Когда у вас в последний раз на отечественном фильме комок подступал к горлу?
У Вознесенского, как вы помните (хотя бы по фильму “Застава Ильича”): “Все – кончено! Все – начато! Айда в кино!” Но изменились времена – сегодня зрителя в кинотеатр одним призывом не завлечь, разве что силком. Правда, это чревато: попытались кое-где обманом затащить его на просмотр “Утомленных солнцем-2”, так он – судиться!

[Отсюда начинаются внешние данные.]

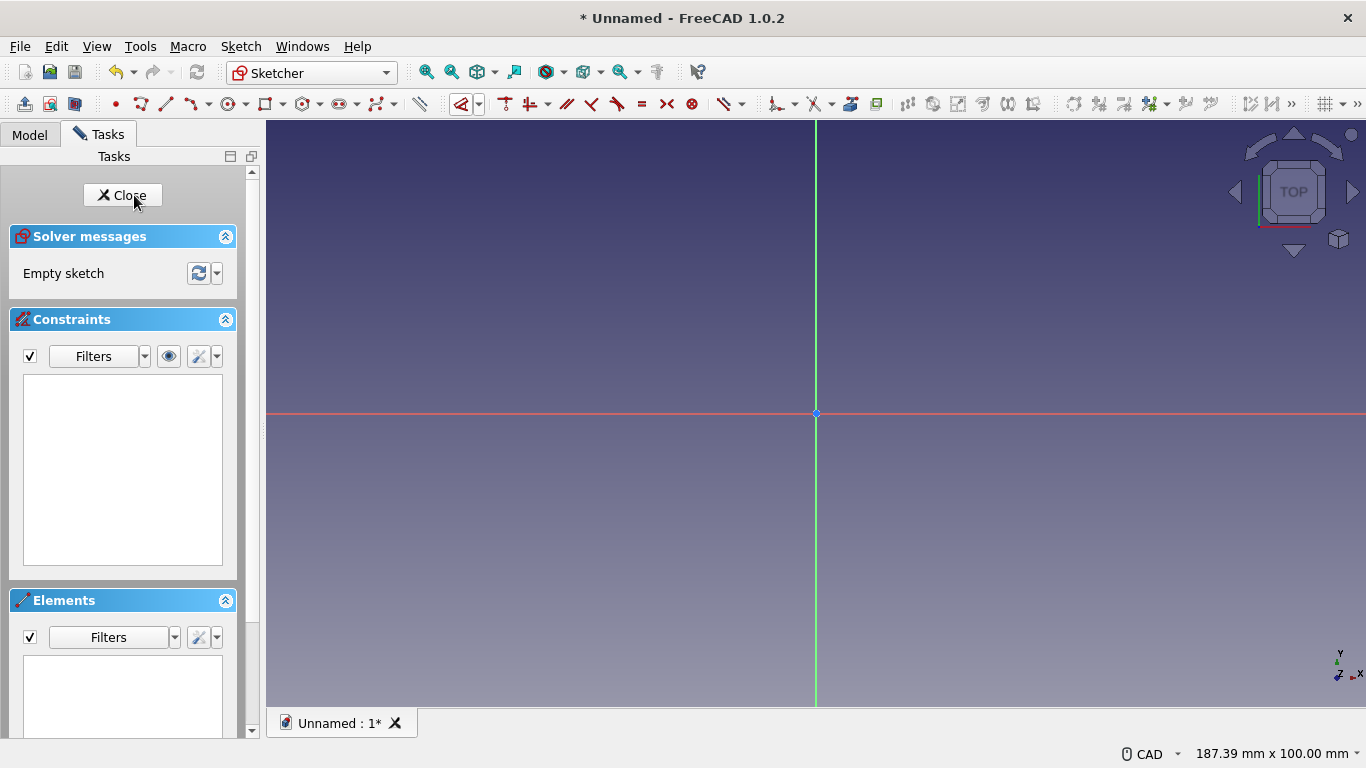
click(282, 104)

Увы, кино, без которого еще недавно наша жизнь была непредставима, сегодня уходит из нее, как говорится, по-английски. Впрочем, кинематографисты делают вид, будто все о’кей! Сергей Соловьев еще в начале “нулевых” оптимистично заявил: “Российский кинематограф постепенно обретает стабильность”. Парадокс в том, что сказано это было незадолго до очередного Московского кинофестиваля, на котором впервые за всю его историю не было представлено ни одного отечественного фильма. Какая стабильность? Разве что стабильность темпов спада российского кинематографа! В минувшем году на широкий экран страны вышло 338 фильмов, и лишь 69 из них – отечественные.

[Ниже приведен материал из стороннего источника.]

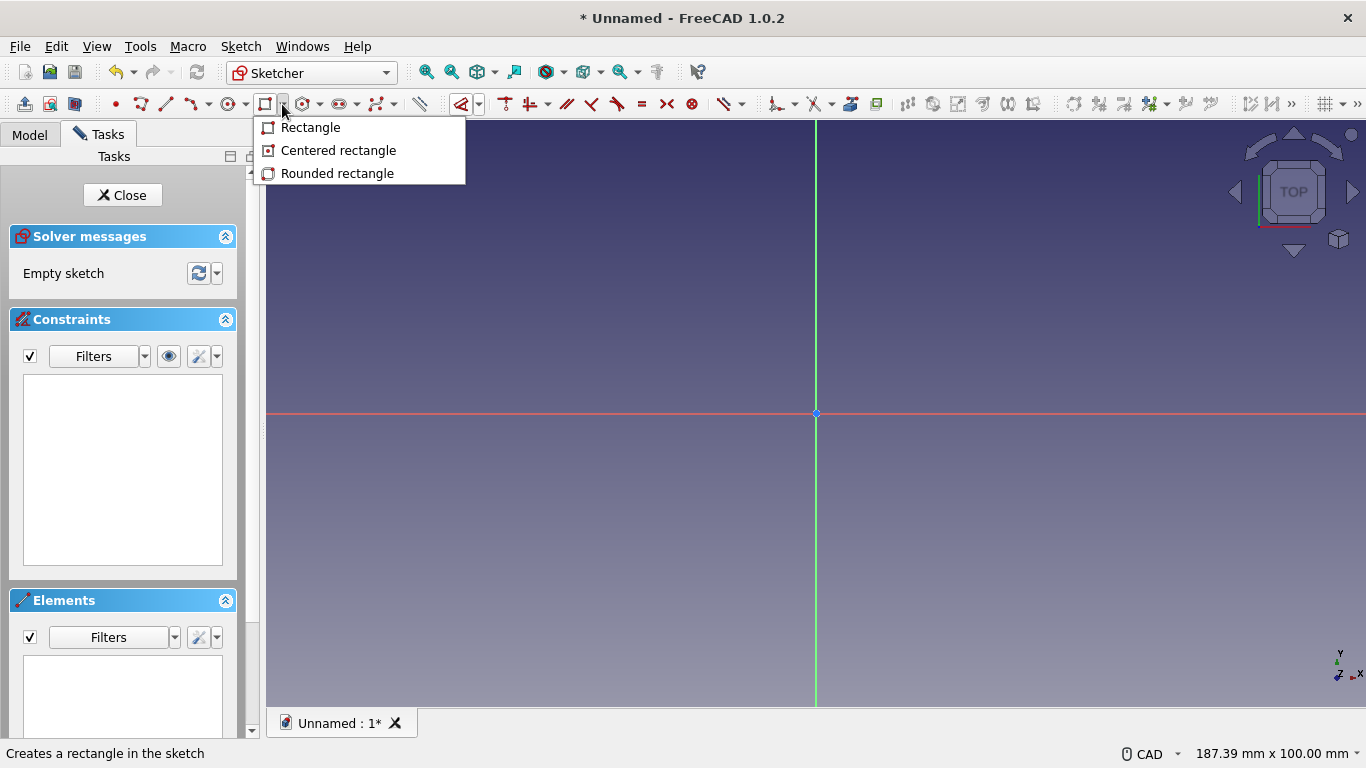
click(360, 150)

Возможно, под “обретением стабильности” мэтр имел в виду количество лент, представленных на международных кинофестивалях? Но какое отношение это имеет к массовому зрителю? Большинство из выставочных фильмов, как правило, умирают после первого же показа, в России их практически не видят. Да и цена их непомерно велика. На недавнем заседании правительственного Совета по развитию отечественной кинематографии премьер Владимир Путин высказался на этот счет: “Уже сейчас можно сказать, что не раз картина с многомиллионным бюджетом, пиаром не пользуется популярностью у зрителя”. Наверняка это был камушек в огород Никиты Михалкова, фильм которого “Утомленные солнцем. Предстояние”, несмотря на невиданный бюджет в 1,5 миллиарда рублей и массированную рекламу, в прокате провалился.
Как провалился и в Каннах. Потому что Михалков снял несовременное, неактуальное, малопонятное иностранцам кино. Превзойти американский триллер “Спасти рядового Райана” не получилось. Жюри к саге о мытарствах семьи Котовых на фронте осталось равнодушным. А ведь сиквел (как, впрочем, все последние картины мэтра) рассчитан именно на зарубежного зрителя, потому его стилистику местами не отличить от лент о Гарри Поттере.
Засветиться перед мировым кинематографическим истеблишментом, привлечь внимание зарубежной критики и прессы, а если подфартит, то и “Золотую пальмовую ветвь” отхватить или другой какой приз – вот кредо многих нынешних российских кинорежиссеров. Правда, чтобы понравиться европейским, тем более голливудским киноакадемикам, им приходится принимать условия чужой игры, “прогибаться” под устоявшиеся западные шаблоны, поступаться национальными принципами.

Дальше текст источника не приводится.